What to produce —
From the line containing "Please read and" to the line containing "In season number" in the entries below, reproduce every line exactly, ends included. Nothing else belongs in the copy, and no pictures.

(Data extracts Opens)

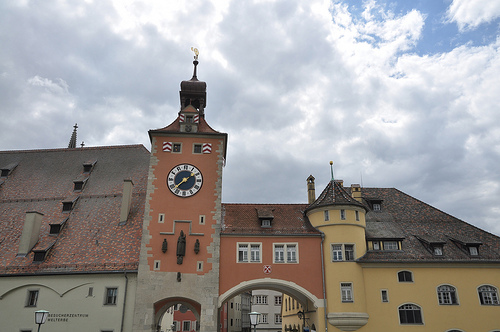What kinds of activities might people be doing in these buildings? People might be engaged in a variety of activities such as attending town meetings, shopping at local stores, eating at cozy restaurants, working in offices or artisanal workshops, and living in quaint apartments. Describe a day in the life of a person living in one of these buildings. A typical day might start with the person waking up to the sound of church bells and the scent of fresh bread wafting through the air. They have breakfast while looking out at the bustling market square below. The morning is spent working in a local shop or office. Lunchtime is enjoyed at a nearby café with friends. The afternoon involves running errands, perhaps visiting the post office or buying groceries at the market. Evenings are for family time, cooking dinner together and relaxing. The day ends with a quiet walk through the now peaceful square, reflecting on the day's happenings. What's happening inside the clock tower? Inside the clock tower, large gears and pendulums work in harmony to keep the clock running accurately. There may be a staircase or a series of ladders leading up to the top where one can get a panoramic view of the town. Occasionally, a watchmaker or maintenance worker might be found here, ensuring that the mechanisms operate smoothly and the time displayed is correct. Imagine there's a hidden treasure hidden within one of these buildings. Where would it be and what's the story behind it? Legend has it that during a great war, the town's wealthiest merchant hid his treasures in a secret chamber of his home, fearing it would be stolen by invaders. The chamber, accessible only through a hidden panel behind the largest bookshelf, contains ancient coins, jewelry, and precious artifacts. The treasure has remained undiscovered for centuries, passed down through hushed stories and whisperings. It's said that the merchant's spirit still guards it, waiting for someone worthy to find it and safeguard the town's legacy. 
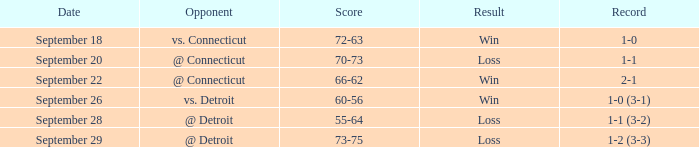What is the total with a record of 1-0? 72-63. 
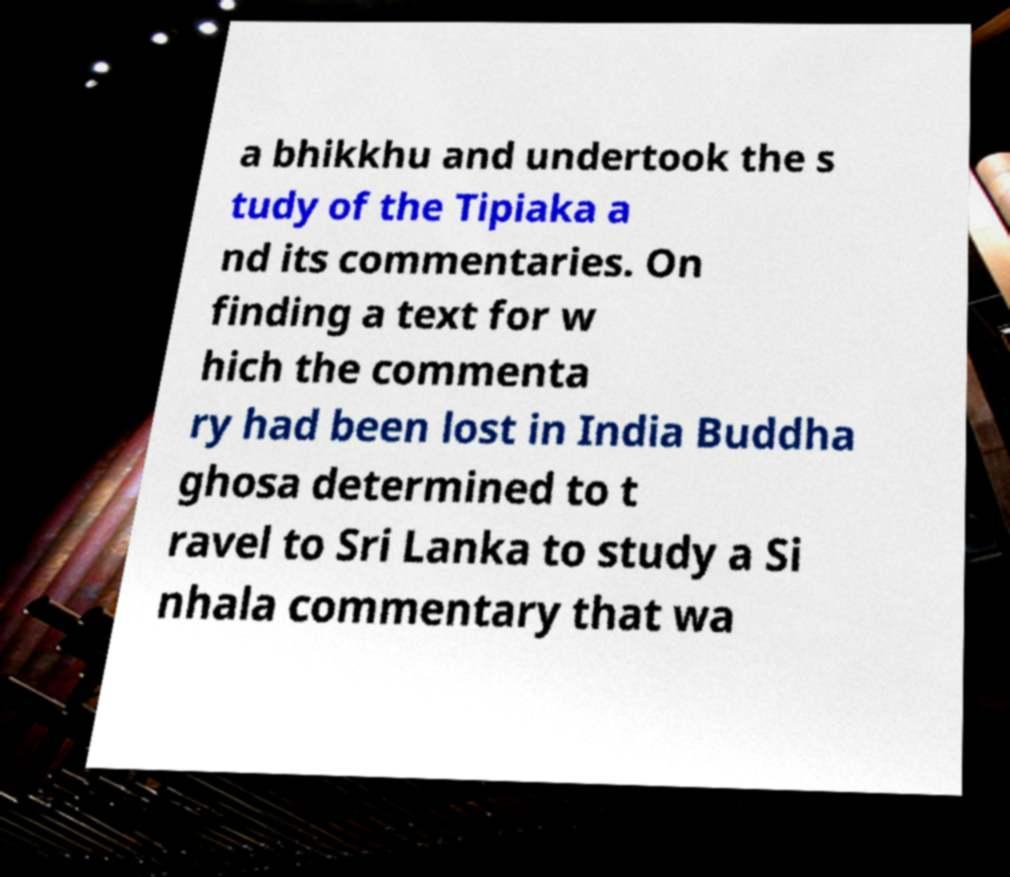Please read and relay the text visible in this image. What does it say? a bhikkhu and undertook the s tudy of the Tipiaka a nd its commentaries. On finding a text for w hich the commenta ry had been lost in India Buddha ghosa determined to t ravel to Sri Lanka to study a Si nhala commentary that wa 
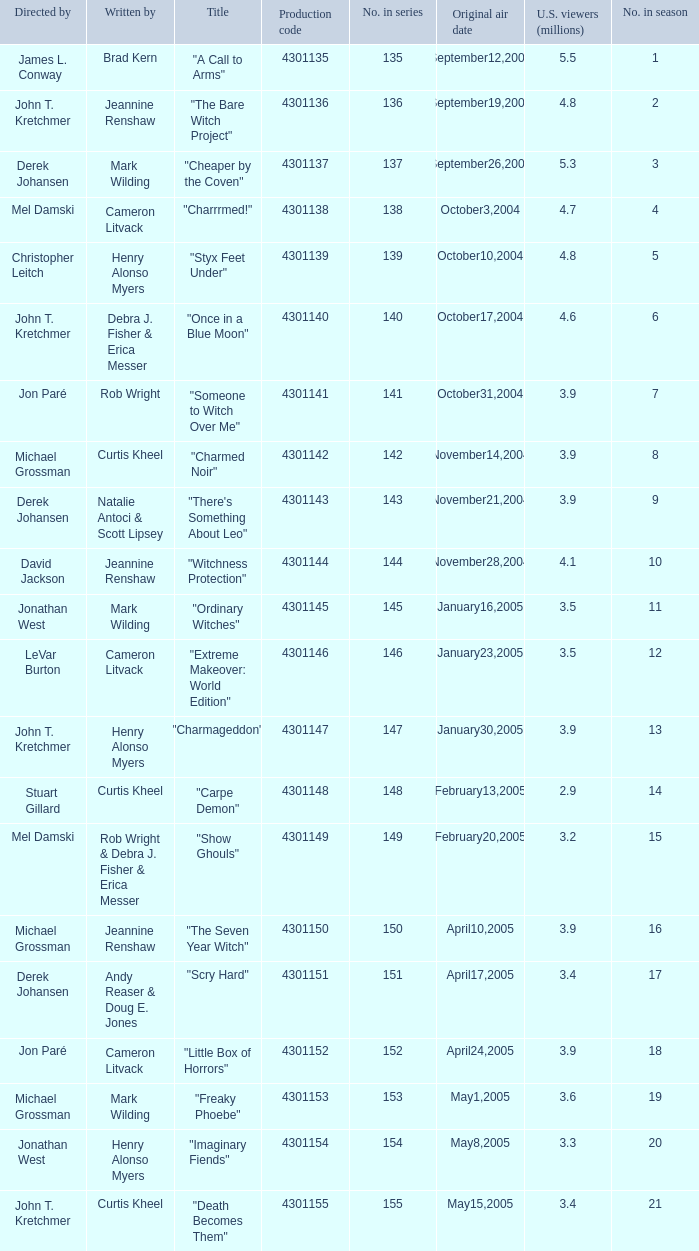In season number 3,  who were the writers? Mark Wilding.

(Data extracts Closes)
(Data extracts Opens)

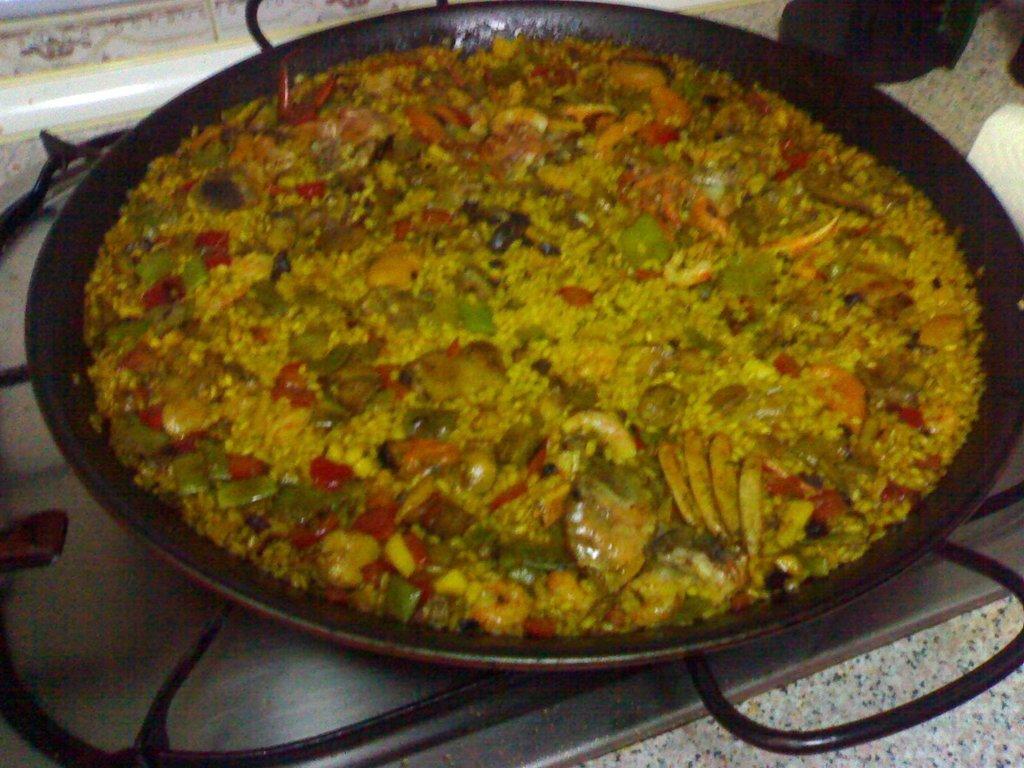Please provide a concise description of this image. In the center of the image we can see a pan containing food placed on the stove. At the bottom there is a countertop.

(Data extracts Closes)

Written answer —
Please read and relay the text visible in this image. What does it say? a bhikkhu and undertook the s tudy of the Tipiaka a nd its commentaries. On finding a text for w hich the commenta ry had been lost in India Buddha ghosa determined to t ravel to Sri Lanka to study a Si nhala commentary that wa 
In season number 3,  who were the writers? Mark Wilding.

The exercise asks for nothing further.